I am not an engineer but it doesnt take much knowledge to know AMD could easily use 2000 man years extra on implementation to reach higher freq at acceptable efficiency. Issues that hit highend desktop user especially.

KTE · Dec 4, 2016

krumme said:
How difficult is it to design a good cpu at RTL level these days vs post RTL verification process?

Bd as a solution was bad on rtl level and implementation. Or implementation was near impossible due to wrong arch desicions. Perhaps those issues shadow that the basic problem that bd was trying to take Intel head on.

Intel have ressources to implement a RTL design in a quality nobody can approach. Fortunately the design of Zen seems so different with eg non avx2 that it might get a solid compettitive edge in some server segments and high end workstation laptops. Segments where all the smt capability will be usefull. And where there is profit to be made.

I am not an engineer but it doesnt take much knowledge to know AMD could easily use 2000 man years extra on implementation to reach higher freq at acceptable efficiency. Issues that hit highend desktop user especially.

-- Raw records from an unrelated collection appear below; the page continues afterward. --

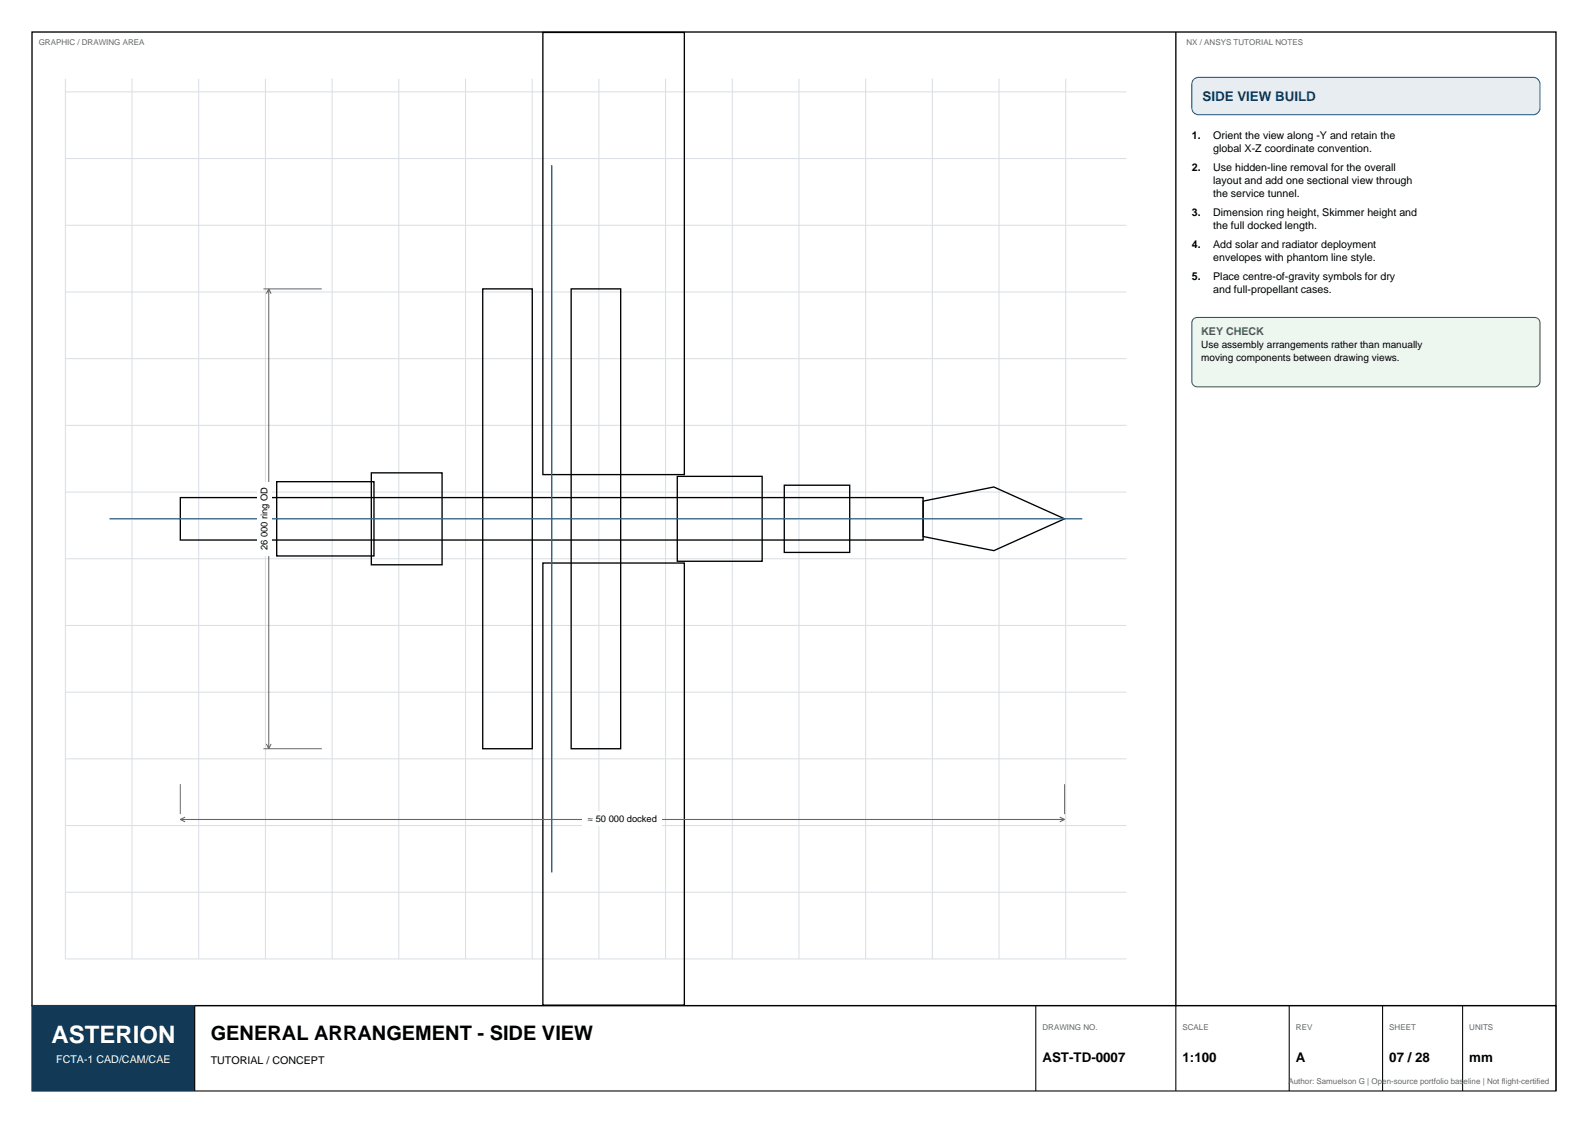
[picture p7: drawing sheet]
<svg xmlns="http://www.w3.org/2000/svg" width="420mm" height="297mm" viewBox="0 0 420 297" stroke-linecap="round" stroke-linejoin="round" font-family="sans-serif">
<defs><g id="words">
<text font-size="6.3" fill="#fff" x="13.6" y="275.8">ASTERION</text>
<text font-size="5.3" x="55.7" y="275.1">GENERAL ARRANGEMENT - SIDE VIEW</text>
<text font-size="3.5" fill="#123a56" x="318" y="26.8">SIDE VIEW BUILD</text>
<g font-size="3.5">
<text x="275.7" y="280.8">AST-TD-0007</text>
<text x="312.8" y="280.8">1:100</text>
<text x="342.7" y="280.8">A</text>
<text x="367.4" y="280.8">07 / 28</text>
<text x="388.6" y="280.8">mm</text>
</g>
<g font-size="2.8">
<text x="315.2" y="36.7">1.</text>
<text x="320.9" y="36.7">Orient the view along -Y and retain the</text>
<text x="320.9" y="40.2">global X-Z coordinate convention.</text>
<text x="315.2" y="45.2">2.</text>
<text x="320.9" y="45.2">Use hidden-line removal for the overall</text>
<text x="320.9" y="48.7">layout and add one sectional view through</text>
<text x="320.9" y="52.2">the service tunnel.</text>
<text x="315.2" y="57.2">3.</text>
<text x="320.9" y="57.2">Dimension ring height, Skimmer height and</text>
<text x="315.2" y="65.6">4.</text>
<text x="320.9" y="60.7">the full docked length.</text>
<text x="320.9" y="65.6">Add solar and radiator deployment</text>
<text x="320.9" y="69.1">envelopes with phantom line style.</text>
<text x="315.2" y="74.1">5.</text>
<text x="320.9" y="74.1">Place centre-of-gravity symbols for dry</text>
<text x="320.9" y="77.6">and full-propellant cases.</text>
<text x="55.7" y="281.5">TUTORIAL / CONCEPT</text>
</g>
<text font-size="2.8" fill="#2d7d46" x="317.7" y="88.5">KEY CHECK</text>
<text font-size="2.8" fill="#fff" x="14.9" y="281.1">FCTA-1 CAD/CAM/CAE</text>
<g font-size="2.6">
<text x="317.7" y="92.1">Use assembly arrangements rather than manually</text>
<text x="317.7" y="95.6">moving components between drawing views.</text>
</g>
<g font-size="2.5">
<text x="70.7" y="145.6" transform="rotate(-90 70.7 145.6)">26 000 ring OD</text>
<text x="155.5" y="217.4">≈ 50 000 docked</text>
</g>
<g font-size="2.1" fill="#666">
<text x="10.2" y="12">GRAPHIC / DRAWING AREA</text>
<text x="313.8" y="12">NX / ANSYS TUTORIAL NOTES</text>
<text x="275.7" y="272.3">DRAWING NO.</text>
<text x="312.8" y="272.3">SCALE</text>
<text x="342.7" y="272.3">REV</text>
<text x="367.4" y="272.3">SHEET</text>
<text x="388.6" y="272.3">UNITS</text>
<text x="340.8" y="286.8">Author: Samuelson G | Open-source portfolio baseline | Not flight-certified</text>
</g>
</g></defs>
<path d="M8.5 8.5h403v257.5h-403zM311 8.5v257.5" fill="none" stroke="#000" stroke-width=".35"/>
<path d="M8.5 266h403v22.5h-403z" fill="none" stroke="#000" stroke-width=".28"/>
<path d="M8.5 266h43v22.5h-43z" fill-rule="evenodd" fill="#123a56"/>
<path d="M51.5 266v22.5M274 266v22.5M311 266v22.5M341 266v22.5M365.7 266v22.5M386.8 266v22.5M411.5 266v22.5" fill="none" stroke="#000" stroke-width=".28"/>
<g fill="none" stroke="#d9dee3" stroke-width=".26">
<path d="M17.3 20.8v232.8h280.6M17.3 24.3h280.6M34.9 20.8v232.8M52.6 20.8v232.8M70.2 20.8v232.8M87.8 20.8v232.8M105.5 20.8v232.8M123.1 20.8v232.8M140.8 20.8v232.8M158.4 20.8v232.8M176 20.8v232.8M193.7 20.8v232.8"/>
<path d="M211.3 20.8v232.8M229 20.8v232.8M246.6 20.8v232.8M264.2 20.8v232.8M281.9 20.8v232.8M17.3 59.6h280.6M17.3 41.9h280.6M17.3 77.2h280.6M17.3 94.9h280.6M17.3 112.5h280.6M17.3 130.1h280.6M17.3 147.8h280.6"/>
<path d="M17.3 165.4h280.6M17.3 183.1h280.6M17.3 218.3h280.6M17.3 200.7h280.6M17.3 236h280.6"/>
</g>
<path d="M143.6 8.6h37.4v116.9h-37.4zM127.7 76.4h13.1v121.6h-13.1zM151.1 76.4h13.1v121.6h-13.1zM47.7 131.6h196.4v11.2h-196.4zM73.2 127.4h25.7v19.6h-25.7zM98.2 125h18.7v24.4h-18.7zM179.1 126h22.5v22.4h-22.5zM207.4 128.3h17.3v17.8h-17.3zM244.1 132.5l18.8-3.7 18.7 8.4-18.7 8.4-18.8-3.7zM143.6 148.9h37.4v116.9h-37.4z" fill="none" stroke="#000" stroke-width=".35"/>
<path d="M145.9 43.7v187.1M29 137.2h257.2" fill="none" stroke="#1f5f8b" stroke-width=".35"/>
<path d="M69.7 76.4h15.4M69.7 198h15.4" fill="none" stroke="#666" stroke-width=".26"/>
<path d="M71.1 76.4v121.6M71.1 76.4l-.6 1.3M71.1 76.4l.6 1.3M70.5 196.7l.6 1.3M71.7 196.7l-.6 1.3" fill="none" stroke="#666" stroke-width=".28"/>
<path d="M67.9 127.4h3.9v19.6h-3.9z" fill-rule="evenodd" fill="#fff"/>
<path d="M47.7 207.4v7.9M281.6 207.4v7.9" fill="none" stroke="#666" stroke-width=".26"/>
<path d="M47.7 216.7h233.9M47.7 216.7l1.3 .6M49 216.1l-1.3 .6M280.3 216.1l1.3 .6M281.6 216.7l-1.3 .6" fill="none" stroke="#666" stroke-width=".28"/>
<path d="M154.1 214.6h21.1v3.9h-21.1z" fill-rule="evenodd" fill="#fff"/>
<path d="M315.7 21l1.3-.5h88.5a1.76 1.76 0 0 1 1.8 1.7v6.4a1.76 1.76 0 0 1-1.8 1.7h-88.5a1.76 1.76 0 0 1-1.8-1.7v-6.4z" fill-rule="evenodd" fill="#e8edf2" stroke="#1f5f8b" stroke-width=".28"/>
<path d="M315.5 84.5l.7-.5h.4h89.3a1.41 1.41 0 0 1 1.4 1.4v15.5a1.41 1.41 0 0 1-1.4 1.4h-89.3a1.41 1.41 0 0 1-1.4-1.4v-15.5z" fill-rule="evenodd" fill="#edf7f0" stroke="#2d7d46" stroke-width=".28"/>
<use href="#words"/>
</svg>

Extremely difficult when you have tight budgets that only allow the very basic of research, resources, manpower and testing.

It's all about the resources.

Sent from HTC 10

itsmydamnation · Dec 4, 2016

LTC8K6 said:
4C/8T Zen should be 65W vs 4790K at 88W.

Except that the competition is actually Kaby Lake.

If Zen is not quite up to Haswell, then it is probably Ivy Bridge level, and AMD is taking too long to release it, imo.

I think we are looking at Ivy Bridge vs Kaby Lake in terms of performance, but at similar tdp.

kaby lake so for all intents and purposes Haswell

Which 4C/8T the APU or a cutdown Zeppelin? The TDP can be whatever they wan't just make it configurable.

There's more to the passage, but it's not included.